Difficile de répondre à cette question. Si quelqu’un la pose, je ne suis même pas sûre qu’il comprenne la réponse. Pour moi, c’est l’équivalent “éditorial” de certaines universités américaines qui enseignent à la fois le créationisme et l’évolution.

6/ Les Fils de la Sorcière est votre premier livre publié en France. Il se rapproche de l’ethno-SF à la Ursula Le Guin. Mais ce roman n’a plus rien à voir avec ce que vous écrivez désormais. Comment vous analysez cette évolution, en tant qu’écrivain ?

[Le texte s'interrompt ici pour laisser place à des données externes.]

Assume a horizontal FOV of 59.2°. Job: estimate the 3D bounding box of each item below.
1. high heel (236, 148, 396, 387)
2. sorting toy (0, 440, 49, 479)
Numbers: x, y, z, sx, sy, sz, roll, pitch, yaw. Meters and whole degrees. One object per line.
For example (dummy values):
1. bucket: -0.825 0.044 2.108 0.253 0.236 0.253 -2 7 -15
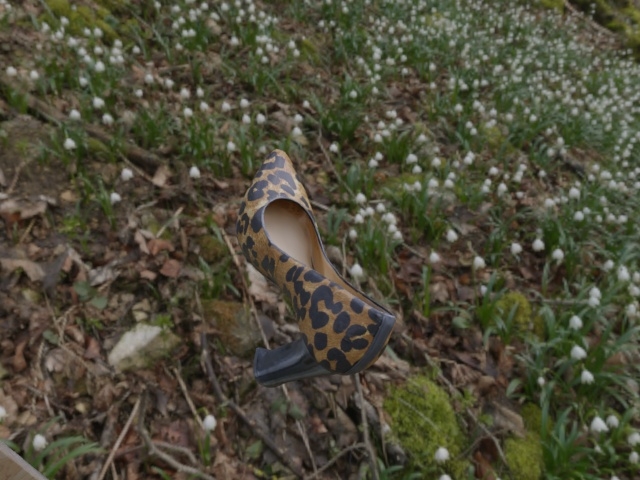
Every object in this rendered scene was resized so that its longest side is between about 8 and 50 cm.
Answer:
1. high heel: 0.000 0.000 0.532 0.093 0.261 0.186 12 -25 -34
2. sorting toy: -0.420 0.332 0.600 0.257 0.255 0.089 -38 52 -25

Je ne suis pas sûre d’avoir tant évolué que ça, si j’y réfléchis bien. Peut-être que je me contente de tourner autour des mêmes thèmes et que j’y reviens ensuite déguisée ! A Hawk in silver, par exemple, je l’ai écrit quand j’avais 18 ans. Ça parle de l’irruption du fantastique dans le quotidien [des jeunes adolescentes perdues dans ce qui reste du Royaume de Faërie, et le Royaume de Faërie perdu dans l’Angleterre des années 70] à travers les yeux de différents personnages “étrangers” projetés dans un monde auquel ils n’appartiennent pas. Plusieurs mondes, en fait, dans la mesure où les filles ne se sentent pas non plus chez elles, que ce soit à l’école ou dans leur société percluse de conventions sociales et familiales rigides.
Les fils de la sorcière et Ambiant Light mettent en scène une envoyée humaine sur un monde extra-terrestre. Elle ne réussit pas à s’y adapter et, au final, n’apporte que la ruine. Le magicien-duelliste White Crow, dans Rats & Gargoyles, Architecture of desire et Left to his own devices est lui-même un étranger (tout comme son amante, l’architecte magicienne Casaubon), mais il s’en satisfait. Dans Grunts ! personne ne se comporte comme il faut, mais c’est parce que c’est une parodie humoristique des clichés de la Fantasy, avec des Orcs Marines comme héros... Cendre contient aussi sont lot de mercenaires et d’étrangers qui se battent pour le compte de tel ou tel Royaume ; Cendre elle-même, en fait. Dans L’énigme du cadran solaire, Rochefort et Dariole transgressent tous les deux leur rôle, elle comme femme et lui comme homme, et ils dépassent les limites communément admises au 17ème siècle. Quand à Ilario, c’est l’étranger ultime, il est hermaphrodite. J’essaie de trouver des idées qui possèdent ce que j’appelle le “facteur wow !”... L’alchimie, la mécanique quantique, la technologie militaire médiévale, le génie génétique ou encore... Un mélange de tout ça ! Ensuite, je place des personnages “étrangers” qui luttent contre ce décor, et j’observe de ce qui se passe. Des “étrangers” à qui la société ne convient pas, et qui ne conviennent pas à la société.
Et je préfère ne pas penser à ce que tout ceci a de révélateur en ce qui me concerne [sourire].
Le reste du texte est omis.